Smartphones Xiaomi bloqués à travers le monde

Smartphones Xiaomi bloqués à travers le monde

Xiaomi est un acteur majeur du marché de la téléphonie. Ce n’est donc pas un hasard si le Xiaomi 12 est aussi attendu. Mais saviez-vous que le constructeur bloque les smartphones dans certains pays ? Plus précisément Cuba, le Soudan du Sud, la Syrie, la Corée du Nord ou encore l’Iran et la péninsule de Crimée. Des territoires où la firme chinoise est interdite, compliqués en termes de relations internationales, de droits de l’homme et de terrorisme. Et si Xiaomi n’exporte pas vers ces régions, les revendeurs sont bien présents. C’est pour cela que le constructeur prend des mesures supplémentaires.

Notons que Xiaomi ne verrouille que les appareils nouvellement activés. Cela veut donc dire que, théoriquement, vous pouvez lancer un appareil de la firme pour la première fois en dehors de ces territoires puis en profiter une fois sur place. Mais là où les consommateurs sont mécontents, c’est que Xiaomi ne mentionne pas le verrouillage d’un appareil en cas d’activation dans ces territoires.

Il est mentionné dans quels pays l’exportation est interdite mais sans précision des conséquences. Il est déjà arrivé que des constructeurs soient sanctionnés pour avoir exporté des technologies dans des territoires sensibles. Le meilleur exemple reste ZTE, victime de sanctions américaines après avoir autorisé l’exportation de ses produits dans des pays interdits. Et donc de technologies conçues aux USA comme Android et autres composants.

 

Xiaomi rend ses smartphones inutilisables dans les pays sur liste noire

Le blocage ne prend pas nécessairement effet immédiatement. Le processus peut prendre deux jours pour avoir lieu. Lorsque c’est le cas, le smartphone affiche le message suivant : « La politique de Xiaomi ne permet pas la vente ou la fourniture du produit sur le territoire dans lequel vous avez tenté de l’activer. Veuillez contacter directement les détaillants pour obtenir des informations supplémentaires ». En effet, il est bien indiqué dans ses conditions générales d’utilisation qu’il est interdit d’importer des produits Xiaomi dans ces pays.

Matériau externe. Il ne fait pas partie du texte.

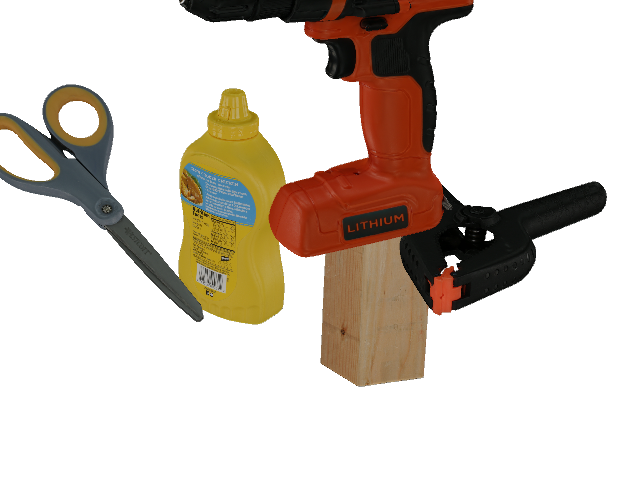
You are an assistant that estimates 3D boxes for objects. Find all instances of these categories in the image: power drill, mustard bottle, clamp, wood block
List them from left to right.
[{"bbox_3d":[-0.073,-0.031,0.875,0.096,0.192,0.058,22,33,32],"label":"mustard bottle"},{"bbox_3d":[0.010,-0.085,0.591,0.184,0.188,0.057,-11,36,-21],"label":"power drill"},{"bbox_3d":[0.062,0.046,1.188,0.090,0.206,0.091,-4,14,-29],"label":"wood block"},{"bbox_3d":[0.105,-0.009,0.780,0.165,0.036,0.209,11,28,25],"label":"clamp"}]

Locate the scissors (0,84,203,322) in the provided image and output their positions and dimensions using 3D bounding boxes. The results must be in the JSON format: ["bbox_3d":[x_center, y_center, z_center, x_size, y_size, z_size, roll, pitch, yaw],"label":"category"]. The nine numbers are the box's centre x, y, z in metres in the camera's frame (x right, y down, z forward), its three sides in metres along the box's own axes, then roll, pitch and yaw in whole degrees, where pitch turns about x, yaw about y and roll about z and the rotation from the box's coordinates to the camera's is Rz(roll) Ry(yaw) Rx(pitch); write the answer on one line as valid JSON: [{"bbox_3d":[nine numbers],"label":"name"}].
[{"bbox_3d":[-0.132,-0.035,0.693,0.202,0.096,0.016,32,-27,12],"label":"scissors"}]
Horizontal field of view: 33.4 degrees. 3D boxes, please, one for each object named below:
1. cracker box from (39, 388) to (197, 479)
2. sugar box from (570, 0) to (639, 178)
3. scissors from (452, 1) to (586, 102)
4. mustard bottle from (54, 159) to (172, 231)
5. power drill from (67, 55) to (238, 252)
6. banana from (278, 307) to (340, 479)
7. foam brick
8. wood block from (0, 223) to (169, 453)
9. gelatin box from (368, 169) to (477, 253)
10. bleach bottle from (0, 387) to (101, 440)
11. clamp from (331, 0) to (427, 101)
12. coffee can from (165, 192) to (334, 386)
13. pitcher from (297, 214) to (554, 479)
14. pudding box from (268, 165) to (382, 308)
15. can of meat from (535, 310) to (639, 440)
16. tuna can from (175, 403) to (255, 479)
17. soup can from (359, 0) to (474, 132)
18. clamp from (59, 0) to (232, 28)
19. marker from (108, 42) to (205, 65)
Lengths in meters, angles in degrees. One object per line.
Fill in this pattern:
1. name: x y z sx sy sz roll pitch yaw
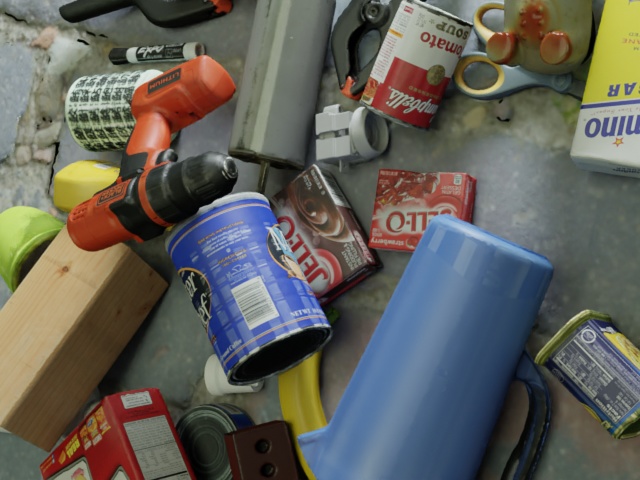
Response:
1. cracker box: -0.175 0.272 1.015 0.164 0.071 0.214 -44 63 39
2. sugar box: 0.264 -0.138 0.847 0.093 0.048 0.176 11 81 25
3. scissors: 0.190 -0.126 0.916 0.096 0.016 0.202 -47 63 18
4. mustard bottle: -0.165 -0.041 1.062 0.192 0.096 0.058 10 101 30
5. power drill: -0.134 -0.083 0.961 0.185 0.057 0.187 -18 38 31
6. banana: -0.001 0.163 0.971 0.070 0.037 0.198 -19 74 28
7. foam brick: -0.052 0.207 0.968 0.053 0.051 0.078 -12 85 -16
8. wood block: -0.258 0.092 1.060 0.091 0.090 0.206 27 75 31
9. gelatin box: 0.091 -0.024 0.949 0.089 0.030 0.073 6 86 31
10. bleach bottle: -0.327 0.169 1.146 0.251 0.068 0.102 12 91 28
11. clamp: 0.050 -0.218 0.996 0.120 0.039 0.171 34 100 30
12. coffee can: -0.064 0.043 0.946 0.103 0.102 0.140 -35 69 21
13. pitcher: 0.105 0.112 0.871 0.145 0.149 0.243 28 96 43
14. pudding box: -0.006 0.001 0.997 0.090 0.039 0.113 -36 66 22
15. can of meat: 0.222 0.104 0.815 0.057 0.102 0.084 -49 65 14
16. tuna can: -0.102 0.200 1.026 0.086 0.033 0.086 -5 80 29
17. soup can: 0.085 -0.155 0.943 0.069 0.068 0.102 32 107 30
18. clamp: -0.177 -0.293 1.140 0.210 0.036 0.164 20 92 28
19. marker: -0.176 -0.198 1.136 0.121 0.020 0.020 2 84 31
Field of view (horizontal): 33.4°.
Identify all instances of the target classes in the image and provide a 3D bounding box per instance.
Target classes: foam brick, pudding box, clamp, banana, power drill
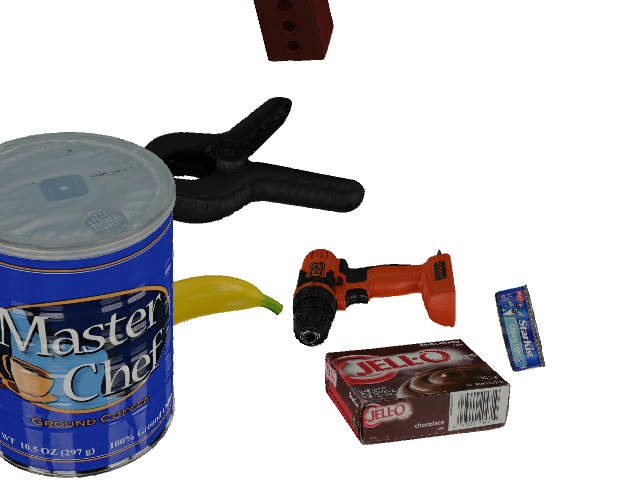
[{"bbox_3d":[-0.023,-0.199,0.919,0.053,0.051,0.078,0,-41,14],"label":"foam brick"},{"bbox_3d":[0.068,0.108,0.777,0.113,0.039,0.090,-2,18,-16],"label":"pudding box"},{"bbox_3d":[-0.065,-0.057,0.752,0.171,0.039,0.120,-5,39,-25],"label":"clamp"},{"bbox_3d":[-0.137,0.073,0.984,0.198,0.069,0.037,-19,24,14],"label":"banana"},{"bbox_3d":[0.062,0.064,1.241,0.187,0.057,0.184,0,28,4],"label":"power drill"}]

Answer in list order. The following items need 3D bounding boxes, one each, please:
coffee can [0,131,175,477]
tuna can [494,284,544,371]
[{"bbox_3d":[-0.124,0.032,0.531,0.103,0.140,0.103,3,34,-3],"label":"coffee can"},{"bbox_3d":[0.204,0.090,1.095,0.034,0.086,0.086,-13,-3,12],"label":"tuna can"}]
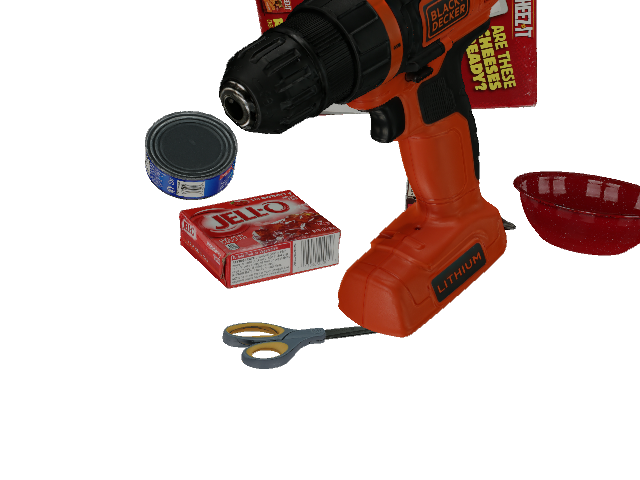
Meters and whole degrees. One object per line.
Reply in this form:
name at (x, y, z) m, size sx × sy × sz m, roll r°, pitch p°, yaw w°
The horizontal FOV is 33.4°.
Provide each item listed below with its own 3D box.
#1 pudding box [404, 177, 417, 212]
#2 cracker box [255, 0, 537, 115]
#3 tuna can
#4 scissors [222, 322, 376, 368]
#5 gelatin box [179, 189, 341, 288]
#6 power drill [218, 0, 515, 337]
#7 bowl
pudding box at (0.098, -0.026, 0.991) m, size 0.039 × 0.090 × 0.113 m, roll 3°, pitch 31°, yaw 4°
cracker box at (0.060, -0.185, 0.840) m, size 0.214 × 0.164 × 0.072 m, roll -2°, pitch 41°, yaw 10°
tuna can at (-0.122, -0.079, 1.000) m, size 0.086 × 0.086 × 0.034 m, roll 0°, pitch -38°, yaw -11°
scissors at (-0.010, 0.118, 1.211) m, size 0.201 × 0.016 × 0.096 m, roll 2°, pitch 25°, yaw -7°
gelatin box at (-0.042, -0.003, 0.728) m, size 0.089 × 0.030 × 0.073 m, roll -12°, pitch 30°, yaw -28°
power drill at (0.035, -0.046, 0.534) m, size 0.057 × 0.187 × 0.184 m, roll 25°, pitch 48°, yaw 38°
bowl at (0.277, -0.025, 1.106) m, size 0.162 × 0.055 × 0.162 m, roll 5°, pitch 19°, yaw -2°
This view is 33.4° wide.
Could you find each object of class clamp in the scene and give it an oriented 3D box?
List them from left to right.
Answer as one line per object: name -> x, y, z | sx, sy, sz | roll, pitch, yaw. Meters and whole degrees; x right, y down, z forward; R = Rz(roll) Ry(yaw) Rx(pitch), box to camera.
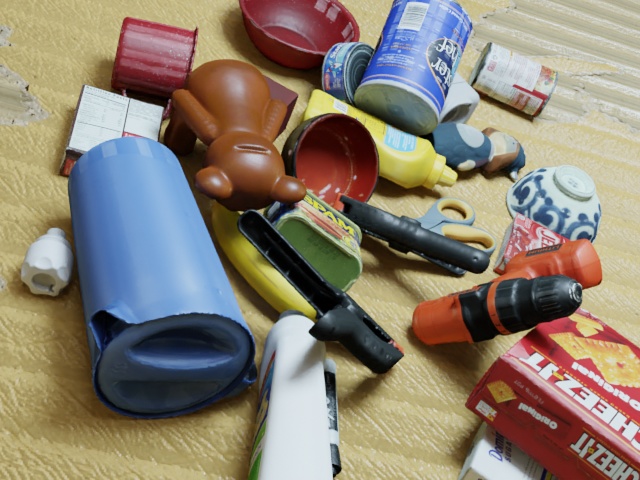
clamp -> 0.019, 0.071, 0.942 | 0.209, 0.036, 0.165 | 43, 8, -38
clamp -> 0.094, -0.002, 1.117 | 0.171, 0.120, 0.039 | 25, 81, 8

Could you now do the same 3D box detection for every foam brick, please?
foam brick -> -0.074, -0.153, 1.205 | 0.078, 0.051, 0.053 | 31, 42, 6

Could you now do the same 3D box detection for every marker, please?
marker -> 0.007, 0.158, 0.947 | 0.020, 0.020, 0.121 | 14, 42, -15

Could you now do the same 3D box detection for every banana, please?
banana -> -0.048, 0.031, 1.041 | 0.198, 0.037, 0.069 | 43, 14, 14

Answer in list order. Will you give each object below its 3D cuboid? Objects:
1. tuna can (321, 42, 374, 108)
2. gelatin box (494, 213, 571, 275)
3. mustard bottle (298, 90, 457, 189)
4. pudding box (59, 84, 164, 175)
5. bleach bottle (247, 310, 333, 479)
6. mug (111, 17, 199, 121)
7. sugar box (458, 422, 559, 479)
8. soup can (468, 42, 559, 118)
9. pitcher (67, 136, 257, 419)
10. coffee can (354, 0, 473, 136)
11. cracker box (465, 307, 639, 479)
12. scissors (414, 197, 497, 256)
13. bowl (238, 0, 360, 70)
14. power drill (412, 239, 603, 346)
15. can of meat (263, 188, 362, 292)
tuna can -> 0.040, -0.194, 1.281 | 0.034, 0.086, 0.086 | 4, 26, 37
gelatin box -> 0.243, 0.017, 1.212 | 0.073, 0.030, 0.089 | 28, 41, 1
mustard bottle -> 0.068, -0.107, 1.224 | 0.191, 0.058, 0.096 | 23, 22, -5
pudding box -> -0.211, -0.103, 1.090 | 0.090, 0.039, 0.113 | 15, 40, -13
bleach bottle -> -0.026, 0.153, 0.888 | 0.068, 0.103, 0.251 | 12, 34, -8
mug -> -0.183, -0.184, 1.163 | 0.081, 0.093, 0.117 | 11, 79, -11
sugar box -> 0.214, 0.232, 0.959 | 0.176, 0.048, 0.093 | 29, 37, 8
soup can -> 0.259, -0.216, 1.436 | 0.102, 0.069, 0.068 | 24, 40, -3
pitcher -> -0.143, 0.028, 0.933 | 0.144, 0.149, 0.243 | -9, 47, -15
coffee can -> 0.111, -0.208, 1.257 | 0.103, 0.103, 0.140 | 24, 68, -4
cracker box -> 0.254, 0.149, 1.001 | 0.164, 0.072, 0.213 | 36, 26, 18
scissors -> 0.104, -0.026, 1.194 | 0.201, 0.016, 0.096 | 15, 40, -14
bowl -> -0.034, -0.263, 1.339 | 0.162, 0.055, 0.162 | 15, 42, -14
power drill -> 0.208, 0.049, 1.064 | 0.187, 0.185, 0.057 | -19, 93, -48
can of meat -> -0.007, 0.001, 1.041 | 0.102, 0.057, 0.084 | 36, 17, -14
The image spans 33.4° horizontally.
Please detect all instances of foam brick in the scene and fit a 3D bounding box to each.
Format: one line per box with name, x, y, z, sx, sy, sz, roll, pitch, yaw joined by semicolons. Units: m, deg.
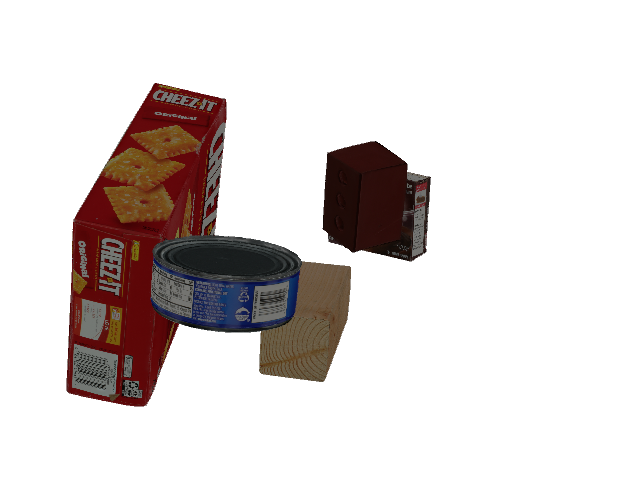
foam brick;0.038;-0.038;0.930;0.051;0.078;0.053;-13;31;-28

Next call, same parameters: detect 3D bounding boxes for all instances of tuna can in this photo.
tuna can;-0.055;0.024;0.616;0.086;0.034;0.086;6;14;-2

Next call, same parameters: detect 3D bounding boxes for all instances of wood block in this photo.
wood block;-0.018;0.106;1.470;0.091;0.090;0.206;6;20;7

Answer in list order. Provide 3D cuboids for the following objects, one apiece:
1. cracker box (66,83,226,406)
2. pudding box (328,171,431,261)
cracker box;-0.132;-0.001;0.839;0.072;0.164;0.213;12;35;2
pudding box;0.063;-0.034;1.163;0.114;0.090;0.039;13;22;31
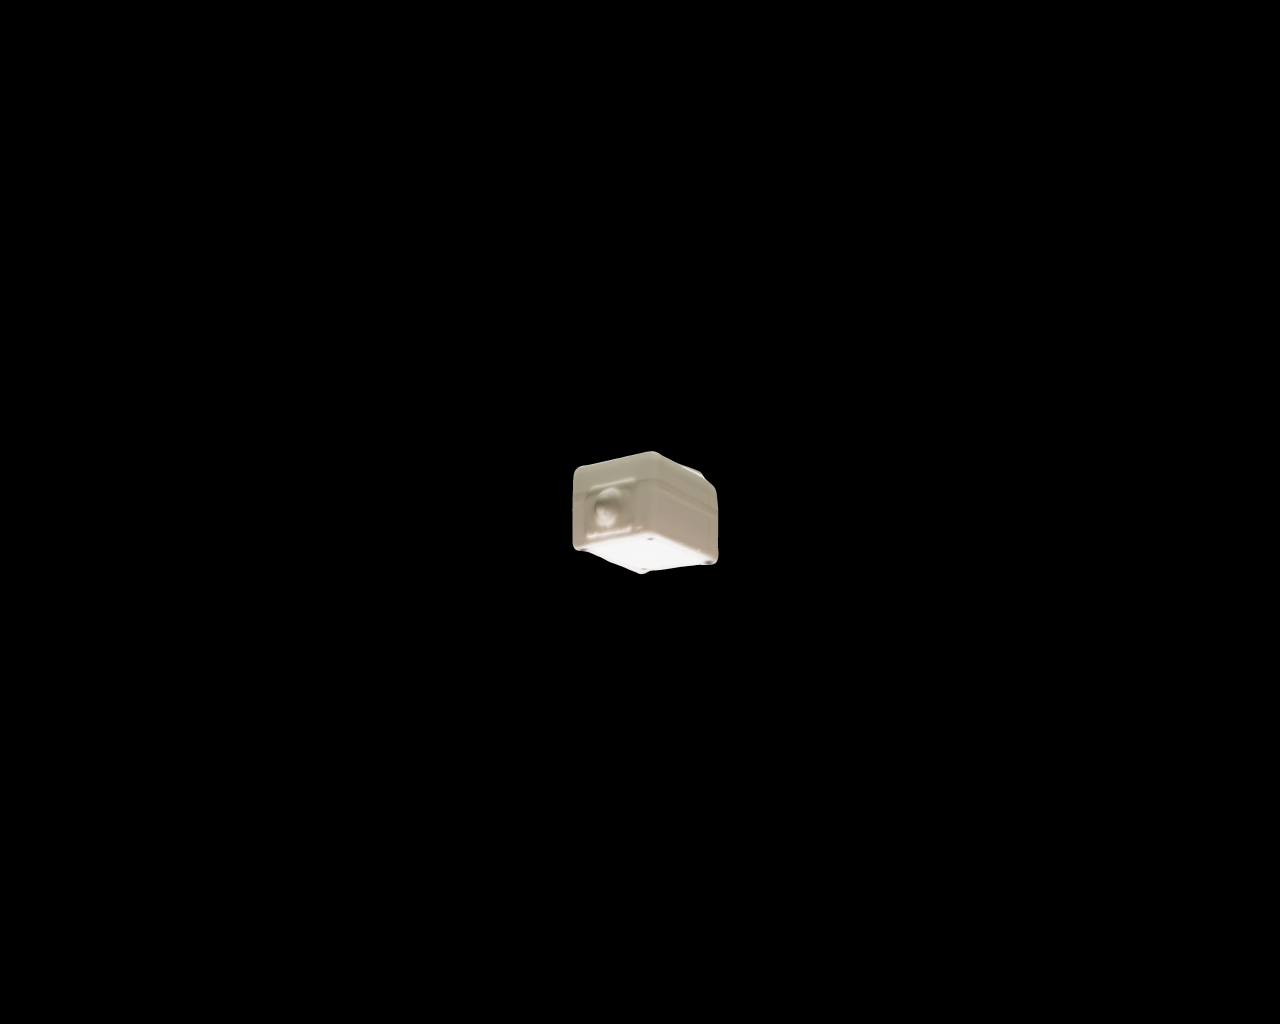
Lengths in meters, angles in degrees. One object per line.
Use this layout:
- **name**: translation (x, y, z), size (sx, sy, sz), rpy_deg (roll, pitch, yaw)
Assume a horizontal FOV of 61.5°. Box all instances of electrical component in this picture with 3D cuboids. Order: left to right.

En revanche, cette nouvelle fonctionnalité n’apparaît pas dans le document. Les utilisateurs ne sont à aucun moment prévenus du blocage à venir de l’appareil. Malgré tout, il semblerait que ce dernier n’intervienne que lorsque le smartphone est activé à l’intérieur du territoire interdit. Il est donc possible, en théorie, d’activer celui-ci dans un pays autorisé puis, par la suite, de l’emmener dans le territoire sur liste noire. Quoi qu’il en soit, cette nouvelle mesure de Xiaomi pourrait bientôt être imitée par ses concurrents.

Des pressions américaines sur Xiaomi ?

La firme explique que cette mesure de blocage a été appliquée pour protéger la sécurité des données de ses utilisateurs, mais aussi les droits du consommateur. Certains observateurs y voient néanmoins le signe d’une pression américaine sur la marque pour la contraindre à agir contre le trafic de ses produits vers les pays sous sanctions internationales.

La marque parle pour sa part d’un blocage « temporaire » des mobiles concernés, le temps d’une enquête, et explique même que ce blocage est désormais terminé. « L’enquête a obtenu des résultats significatifs, et les appareils concernés peuvent être déverrouillés dès maintenant », a notamment promis un porte-parole de Xiaomi cité par le Global Times.

Pour rappel, les États-Unis gardent à l’œil les marques technologiques chinoises et les liens commerciaux, parfois troubles, qu’elles peuvent entretenir avec les pays sanctionnés. L’année dernière, Reuters publiait à ce propos une enquête suggérant que Huawei aurait contourné l’embargo américain imposé contre l’Iran en passant par Skycom Tech, une entité que Huawei présentait initialement comme un partenaire, mais qui serait en réalité une filiale intégralement gérée par le groupe.